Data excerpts

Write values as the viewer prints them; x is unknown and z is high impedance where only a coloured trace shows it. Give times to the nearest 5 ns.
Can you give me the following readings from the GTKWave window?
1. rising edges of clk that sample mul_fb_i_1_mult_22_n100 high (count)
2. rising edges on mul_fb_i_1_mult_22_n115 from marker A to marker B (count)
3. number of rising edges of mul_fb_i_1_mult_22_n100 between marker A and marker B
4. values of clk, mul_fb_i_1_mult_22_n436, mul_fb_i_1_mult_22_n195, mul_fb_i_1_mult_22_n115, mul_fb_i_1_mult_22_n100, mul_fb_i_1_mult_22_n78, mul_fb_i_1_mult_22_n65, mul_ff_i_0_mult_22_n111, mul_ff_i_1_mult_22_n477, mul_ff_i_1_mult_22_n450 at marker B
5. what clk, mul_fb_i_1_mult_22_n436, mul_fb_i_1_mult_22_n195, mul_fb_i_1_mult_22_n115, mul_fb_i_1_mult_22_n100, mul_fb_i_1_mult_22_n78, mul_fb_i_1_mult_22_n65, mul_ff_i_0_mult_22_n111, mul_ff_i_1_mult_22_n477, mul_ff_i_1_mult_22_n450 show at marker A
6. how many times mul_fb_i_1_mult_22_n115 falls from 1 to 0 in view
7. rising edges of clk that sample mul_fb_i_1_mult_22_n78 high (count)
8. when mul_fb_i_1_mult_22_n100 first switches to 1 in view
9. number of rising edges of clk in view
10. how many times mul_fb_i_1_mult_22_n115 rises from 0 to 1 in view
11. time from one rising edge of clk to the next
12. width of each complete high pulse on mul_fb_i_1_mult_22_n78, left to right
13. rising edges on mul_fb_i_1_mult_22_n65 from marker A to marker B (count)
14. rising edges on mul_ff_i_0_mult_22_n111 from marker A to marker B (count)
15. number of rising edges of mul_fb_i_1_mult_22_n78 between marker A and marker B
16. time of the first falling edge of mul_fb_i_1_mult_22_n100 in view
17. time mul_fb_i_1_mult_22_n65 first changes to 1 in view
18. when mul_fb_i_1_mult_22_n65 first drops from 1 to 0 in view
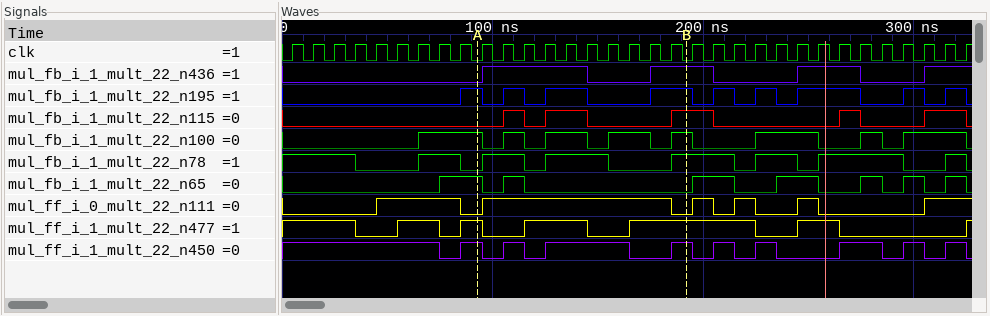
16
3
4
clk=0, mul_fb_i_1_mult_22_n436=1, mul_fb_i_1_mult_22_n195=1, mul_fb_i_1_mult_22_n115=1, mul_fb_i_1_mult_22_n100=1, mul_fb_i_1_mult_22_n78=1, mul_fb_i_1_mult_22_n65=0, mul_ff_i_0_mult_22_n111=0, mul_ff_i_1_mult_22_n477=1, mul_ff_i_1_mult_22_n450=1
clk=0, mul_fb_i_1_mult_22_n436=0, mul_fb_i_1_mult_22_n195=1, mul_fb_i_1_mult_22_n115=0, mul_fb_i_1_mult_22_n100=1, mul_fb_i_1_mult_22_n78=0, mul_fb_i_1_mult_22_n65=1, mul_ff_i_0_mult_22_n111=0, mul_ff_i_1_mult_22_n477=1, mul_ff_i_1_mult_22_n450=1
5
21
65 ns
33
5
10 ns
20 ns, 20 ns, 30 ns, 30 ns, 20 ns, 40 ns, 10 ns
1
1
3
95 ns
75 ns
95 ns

--

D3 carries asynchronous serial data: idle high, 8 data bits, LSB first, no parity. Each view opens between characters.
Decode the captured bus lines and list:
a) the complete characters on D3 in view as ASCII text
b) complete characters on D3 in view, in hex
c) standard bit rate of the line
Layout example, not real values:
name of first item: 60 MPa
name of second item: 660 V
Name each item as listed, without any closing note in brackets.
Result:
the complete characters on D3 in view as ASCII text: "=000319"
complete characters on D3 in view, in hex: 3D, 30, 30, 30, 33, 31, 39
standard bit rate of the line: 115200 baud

==

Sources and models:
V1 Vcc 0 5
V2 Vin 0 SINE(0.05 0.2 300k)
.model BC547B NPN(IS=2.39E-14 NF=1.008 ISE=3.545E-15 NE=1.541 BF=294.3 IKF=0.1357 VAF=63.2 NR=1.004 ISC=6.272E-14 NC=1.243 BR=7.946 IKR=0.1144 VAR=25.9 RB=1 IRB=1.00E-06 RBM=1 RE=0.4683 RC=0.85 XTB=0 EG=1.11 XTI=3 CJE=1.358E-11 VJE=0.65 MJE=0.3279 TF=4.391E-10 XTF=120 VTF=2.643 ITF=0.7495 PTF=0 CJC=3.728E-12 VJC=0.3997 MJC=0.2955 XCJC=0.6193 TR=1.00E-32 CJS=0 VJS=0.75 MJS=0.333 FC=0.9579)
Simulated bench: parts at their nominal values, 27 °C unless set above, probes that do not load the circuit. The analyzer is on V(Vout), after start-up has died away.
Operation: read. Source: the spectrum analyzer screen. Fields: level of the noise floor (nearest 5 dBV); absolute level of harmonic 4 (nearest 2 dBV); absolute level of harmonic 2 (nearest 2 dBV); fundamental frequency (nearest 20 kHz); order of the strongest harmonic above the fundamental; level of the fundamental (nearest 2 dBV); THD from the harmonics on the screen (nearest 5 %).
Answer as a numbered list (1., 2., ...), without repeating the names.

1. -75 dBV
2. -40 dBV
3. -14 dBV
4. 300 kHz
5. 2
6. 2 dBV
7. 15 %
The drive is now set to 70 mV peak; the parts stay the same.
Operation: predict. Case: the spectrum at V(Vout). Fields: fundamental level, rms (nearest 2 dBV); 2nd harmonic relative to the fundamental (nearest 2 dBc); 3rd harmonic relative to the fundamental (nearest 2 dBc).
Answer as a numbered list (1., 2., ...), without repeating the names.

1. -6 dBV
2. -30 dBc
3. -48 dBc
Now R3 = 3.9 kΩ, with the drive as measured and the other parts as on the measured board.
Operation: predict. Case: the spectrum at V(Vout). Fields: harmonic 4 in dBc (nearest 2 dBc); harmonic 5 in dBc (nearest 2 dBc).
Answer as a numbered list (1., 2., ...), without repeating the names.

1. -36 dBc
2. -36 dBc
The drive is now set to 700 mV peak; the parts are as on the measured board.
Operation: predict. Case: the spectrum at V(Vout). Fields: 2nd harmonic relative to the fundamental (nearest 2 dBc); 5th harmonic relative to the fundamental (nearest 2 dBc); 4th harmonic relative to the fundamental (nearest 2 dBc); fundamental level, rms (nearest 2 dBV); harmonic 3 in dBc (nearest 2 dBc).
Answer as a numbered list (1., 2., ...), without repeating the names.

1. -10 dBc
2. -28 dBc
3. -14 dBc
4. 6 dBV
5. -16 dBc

Task objective: Reproduce only the lines above spanning from the line containing "7. rising edges" through the line containing "12. width of", word for word.

Exercise solution:
7. rising edges of clk that sample mul_fb_i_1_mult_22_n78 high (count)
8. when mul_fb_i_1_mult_22_n100 first switches to 1 in view
9. number of rising edges of clk in view
10. how many times mul_fb_i_1_mult_22_n115 rises from 0 to 1 in view
11. time from one rising edge of clk to the next
12. width of each complete high pulse on mul_fb_i_1_mult_22_n78, left to right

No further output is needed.